§ Exercise requirements
After counting the lines below that contain "blue", reply with that number alone.

Material to process START

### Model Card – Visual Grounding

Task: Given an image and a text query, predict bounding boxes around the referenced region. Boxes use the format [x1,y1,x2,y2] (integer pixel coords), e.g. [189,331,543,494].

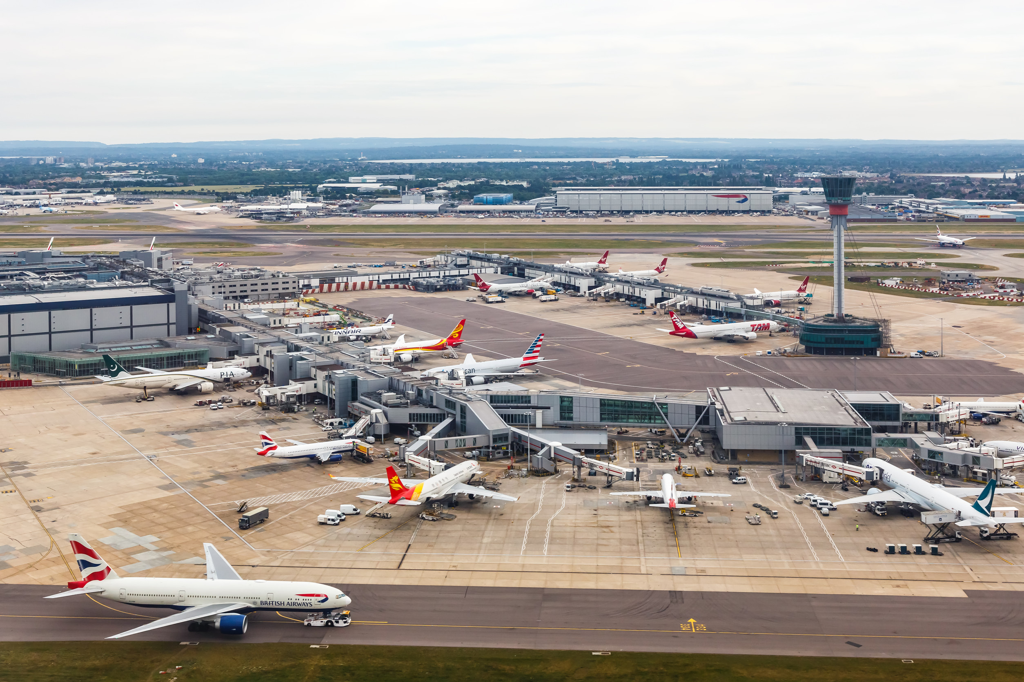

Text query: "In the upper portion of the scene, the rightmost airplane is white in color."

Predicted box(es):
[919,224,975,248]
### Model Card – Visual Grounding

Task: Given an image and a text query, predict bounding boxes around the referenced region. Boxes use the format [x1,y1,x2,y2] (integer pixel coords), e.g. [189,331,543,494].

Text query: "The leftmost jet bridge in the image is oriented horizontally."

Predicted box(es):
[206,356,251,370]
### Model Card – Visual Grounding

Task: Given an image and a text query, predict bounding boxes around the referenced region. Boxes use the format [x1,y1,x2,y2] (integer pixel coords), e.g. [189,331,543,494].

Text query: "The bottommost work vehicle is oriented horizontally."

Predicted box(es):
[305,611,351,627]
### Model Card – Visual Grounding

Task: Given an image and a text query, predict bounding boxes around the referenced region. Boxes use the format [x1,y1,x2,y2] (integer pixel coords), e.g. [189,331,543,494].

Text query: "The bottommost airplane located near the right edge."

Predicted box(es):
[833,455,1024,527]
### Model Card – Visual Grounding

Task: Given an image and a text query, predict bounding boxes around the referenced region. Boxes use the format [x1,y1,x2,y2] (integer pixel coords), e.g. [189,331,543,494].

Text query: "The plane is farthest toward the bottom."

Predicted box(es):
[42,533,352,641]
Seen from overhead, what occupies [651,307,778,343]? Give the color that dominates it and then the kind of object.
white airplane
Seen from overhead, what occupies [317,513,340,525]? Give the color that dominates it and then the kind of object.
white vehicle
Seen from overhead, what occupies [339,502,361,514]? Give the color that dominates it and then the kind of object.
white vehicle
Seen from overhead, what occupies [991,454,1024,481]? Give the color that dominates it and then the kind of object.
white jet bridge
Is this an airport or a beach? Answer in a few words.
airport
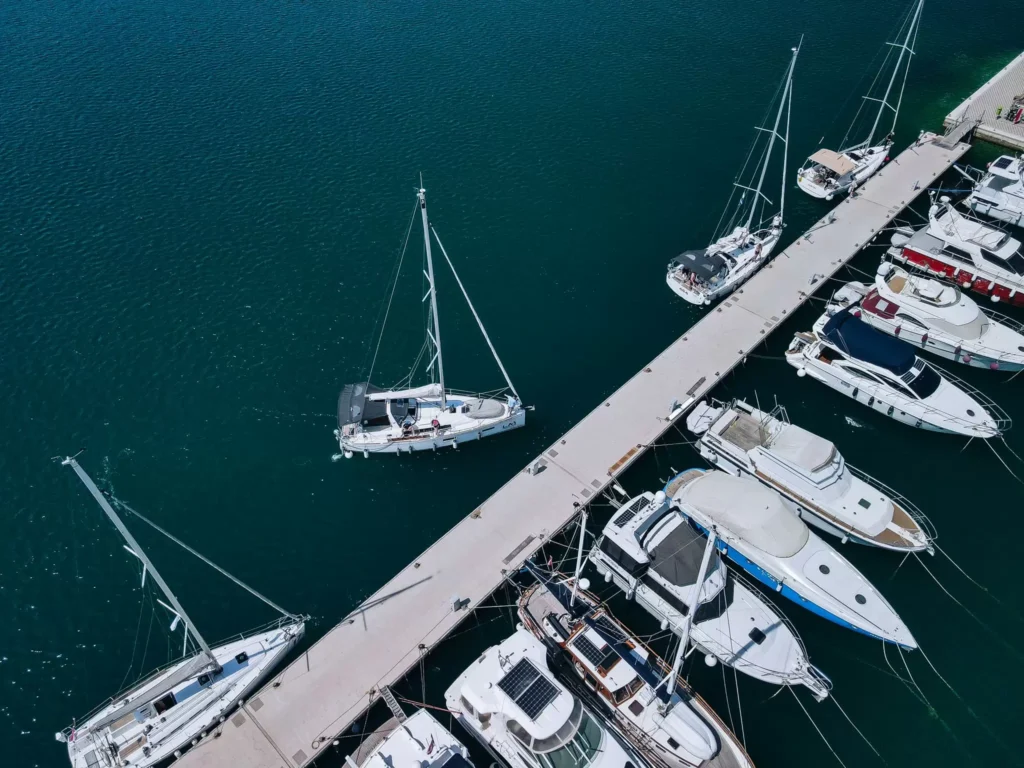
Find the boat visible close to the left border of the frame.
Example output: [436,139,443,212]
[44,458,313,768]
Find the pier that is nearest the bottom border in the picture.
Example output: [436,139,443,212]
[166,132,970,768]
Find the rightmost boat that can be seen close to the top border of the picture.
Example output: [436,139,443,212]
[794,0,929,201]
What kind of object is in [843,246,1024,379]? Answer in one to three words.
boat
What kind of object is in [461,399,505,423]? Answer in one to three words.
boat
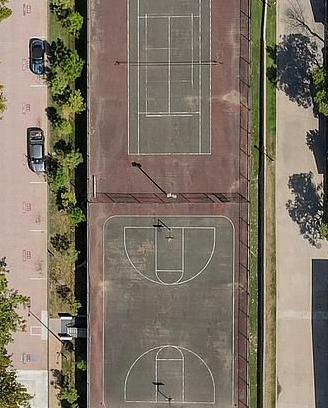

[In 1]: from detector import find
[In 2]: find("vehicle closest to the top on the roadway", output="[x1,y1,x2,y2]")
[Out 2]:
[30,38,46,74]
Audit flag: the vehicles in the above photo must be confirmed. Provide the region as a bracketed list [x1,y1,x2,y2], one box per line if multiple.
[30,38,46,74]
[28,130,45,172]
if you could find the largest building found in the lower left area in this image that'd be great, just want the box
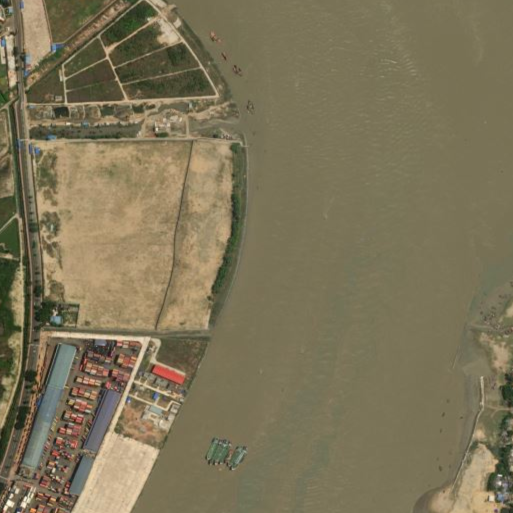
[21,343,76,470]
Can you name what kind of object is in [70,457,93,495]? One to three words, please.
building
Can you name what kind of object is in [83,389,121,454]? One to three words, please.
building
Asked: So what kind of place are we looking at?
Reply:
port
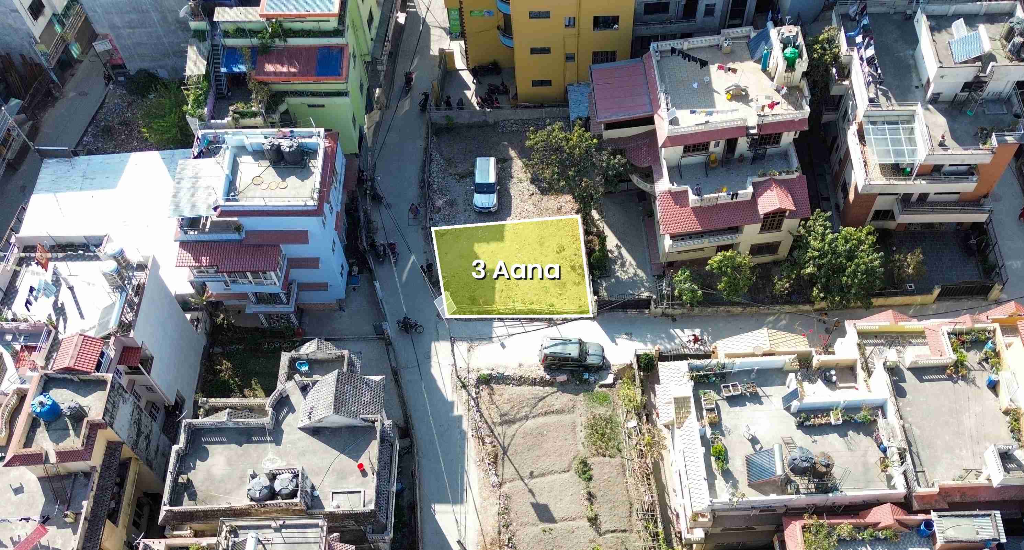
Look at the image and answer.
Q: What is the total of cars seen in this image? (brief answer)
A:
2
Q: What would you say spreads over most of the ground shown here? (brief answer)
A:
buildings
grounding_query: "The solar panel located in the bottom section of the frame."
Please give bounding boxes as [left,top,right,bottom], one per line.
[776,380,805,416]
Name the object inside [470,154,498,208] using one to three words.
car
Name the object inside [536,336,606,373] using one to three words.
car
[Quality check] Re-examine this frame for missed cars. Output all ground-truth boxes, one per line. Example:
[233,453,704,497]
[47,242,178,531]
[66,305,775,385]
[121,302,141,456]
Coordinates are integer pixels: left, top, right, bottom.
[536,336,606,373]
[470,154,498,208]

Material to process END
Material to process START

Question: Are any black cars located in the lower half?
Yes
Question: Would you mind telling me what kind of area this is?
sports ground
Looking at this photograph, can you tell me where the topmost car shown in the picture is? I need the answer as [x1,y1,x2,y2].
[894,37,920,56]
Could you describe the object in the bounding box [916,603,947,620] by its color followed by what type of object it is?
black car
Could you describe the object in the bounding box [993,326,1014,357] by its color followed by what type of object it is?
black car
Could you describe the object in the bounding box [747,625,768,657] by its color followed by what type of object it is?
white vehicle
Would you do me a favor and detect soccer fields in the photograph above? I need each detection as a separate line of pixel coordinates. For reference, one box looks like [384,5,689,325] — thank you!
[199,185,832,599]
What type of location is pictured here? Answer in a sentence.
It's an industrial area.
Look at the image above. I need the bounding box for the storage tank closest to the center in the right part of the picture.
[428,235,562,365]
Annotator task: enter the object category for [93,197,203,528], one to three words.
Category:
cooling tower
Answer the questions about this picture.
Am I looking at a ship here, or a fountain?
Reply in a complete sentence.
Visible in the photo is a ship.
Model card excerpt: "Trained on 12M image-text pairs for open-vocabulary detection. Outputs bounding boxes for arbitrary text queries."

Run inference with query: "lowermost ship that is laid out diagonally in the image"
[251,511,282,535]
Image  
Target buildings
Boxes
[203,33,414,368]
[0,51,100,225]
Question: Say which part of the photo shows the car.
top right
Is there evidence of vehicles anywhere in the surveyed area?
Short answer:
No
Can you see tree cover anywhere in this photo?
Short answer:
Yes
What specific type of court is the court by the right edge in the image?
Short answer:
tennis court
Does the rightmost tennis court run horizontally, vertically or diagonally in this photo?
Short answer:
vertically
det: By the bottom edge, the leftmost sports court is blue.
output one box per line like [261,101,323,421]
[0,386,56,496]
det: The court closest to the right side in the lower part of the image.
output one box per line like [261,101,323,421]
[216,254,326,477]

Material to process END
Material to process START

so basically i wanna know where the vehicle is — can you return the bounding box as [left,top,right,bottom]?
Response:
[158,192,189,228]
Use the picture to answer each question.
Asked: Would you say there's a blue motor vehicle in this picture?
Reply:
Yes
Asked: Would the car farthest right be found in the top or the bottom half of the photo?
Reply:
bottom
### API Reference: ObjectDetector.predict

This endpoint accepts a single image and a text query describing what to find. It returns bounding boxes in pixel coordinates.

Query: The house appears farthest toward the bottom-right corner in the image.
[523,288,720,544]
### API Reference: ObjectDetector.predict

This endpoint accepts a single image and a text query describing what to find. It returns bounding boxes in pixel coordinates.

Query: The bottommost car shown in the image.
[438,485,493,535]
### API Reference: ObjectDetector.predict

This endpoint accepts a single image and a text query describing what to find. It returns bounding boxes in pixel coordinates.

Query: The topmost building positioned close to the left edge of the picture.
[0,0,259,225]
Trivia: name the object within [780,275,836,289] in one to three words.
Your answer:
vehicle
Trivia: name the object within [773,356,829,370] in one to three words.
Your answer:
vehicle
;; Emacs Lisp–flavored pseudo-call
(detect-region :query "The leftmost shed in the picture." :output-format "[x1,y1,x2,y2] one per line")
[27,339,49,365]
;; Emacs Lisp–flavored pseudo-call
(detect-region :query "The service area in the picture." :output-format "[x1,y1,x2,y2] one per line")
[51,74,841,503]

Material to process END

§ Answer to the problem
2